Neil Neil - 1 month ago 7
R Question

converting multiple date formats into one in r

I am working with messy excel file with multiple date formats

2016-10-17T12:38:41Z
Mon Oct 17 08:03:08 GMT 2016
10-Sep-15
13-Oct-09
18-Oct-2016 05:42:26 UTC


I want to convert all of the above in
yyyy-mm-dd
format. I am using following code for the conversion but lot of values are coming NA.

as.Date(parse_date_time(df$date,c('mdy', 'ymd_hms','a b d HMS y','d b y HMS')))

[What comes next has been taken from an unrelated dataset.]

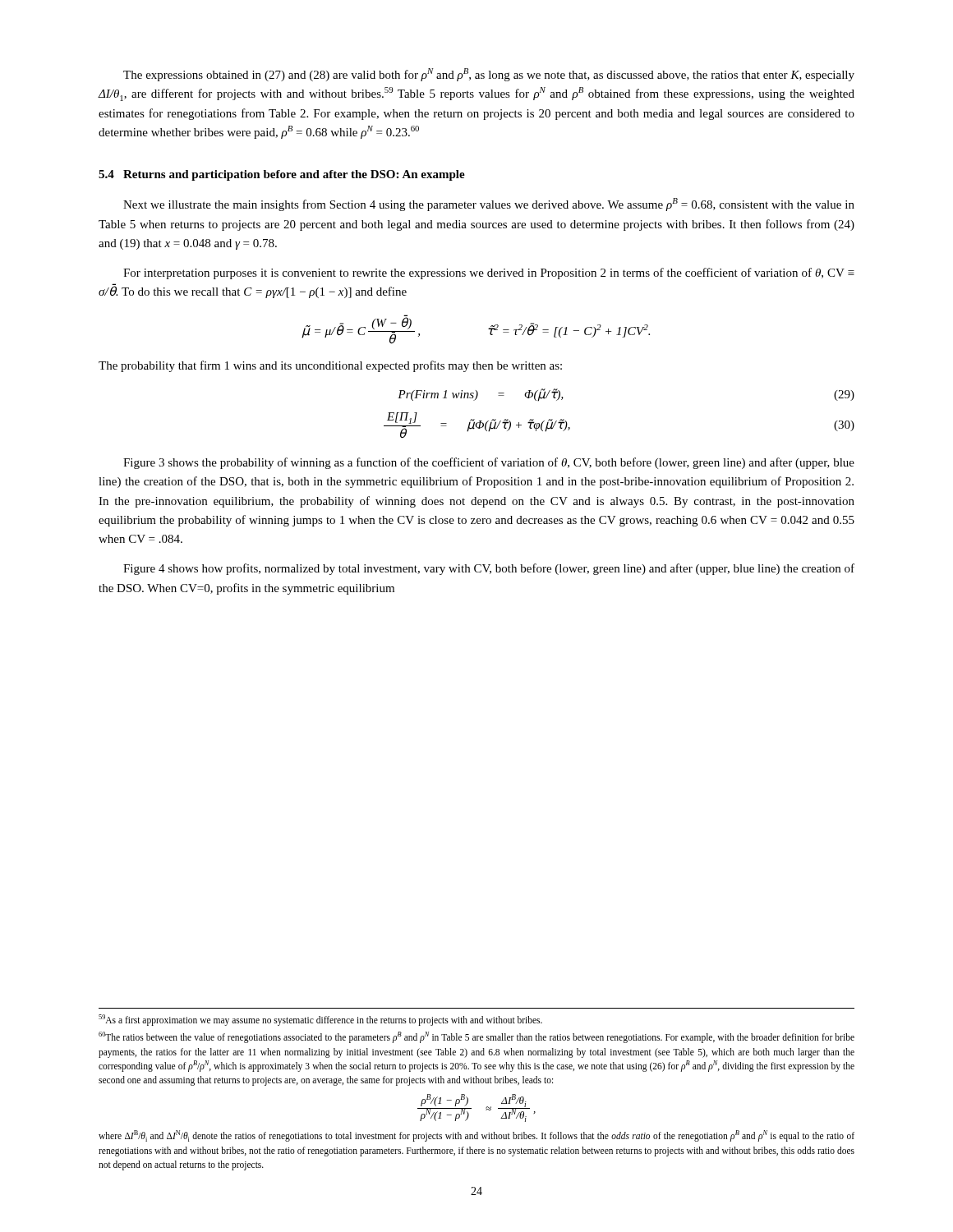The width and height of the screenshot is (953, 1232).
Task: Select the text block containing "The probability that"
Action: pyautogui.click(x=331, y=365)

How can I do it all of them together. I have read other threads on similar case,but nothing seems to work for my case.
Please help

Answer

If I add 'dmy' to the list then at least all of the cases in your example are succesfully parsed:

 z <- c("2016-10-17T12:38:41Z", "Mon Oct 17 08:03:08 GMT 2016", 
 "10-Sep-15",  "13-Oct-09", "18-Oct-2016 05:42:26 UTC")

library(lubridate)
parse_date_time(z,c('mdy', 'dmy', 'ymd_HMS','a b d HMS y','d b y HMS'))
## [1] "2016-10-17 12:38:41 UTC" "2016-10-17 08:03:08 UTC"
## [3] "2015-09-10 00:00:00 UTC" "2009-10-13 00:00:00 UTC"
## [5] "2016-10-18 05:42:26 UTC"

Your big problem will be the third and fourth elements: are these actually meant to be 'ymd' and 'dmy' respectively? I'm not sure how any logic will let you auto-detect these differences ... out of context, "15 Sep 2010" and "10 September 2015" both seem perfectly reasonable possibilities ...

For what it's worth I also tried the new anytime package - it only handled the first and last element.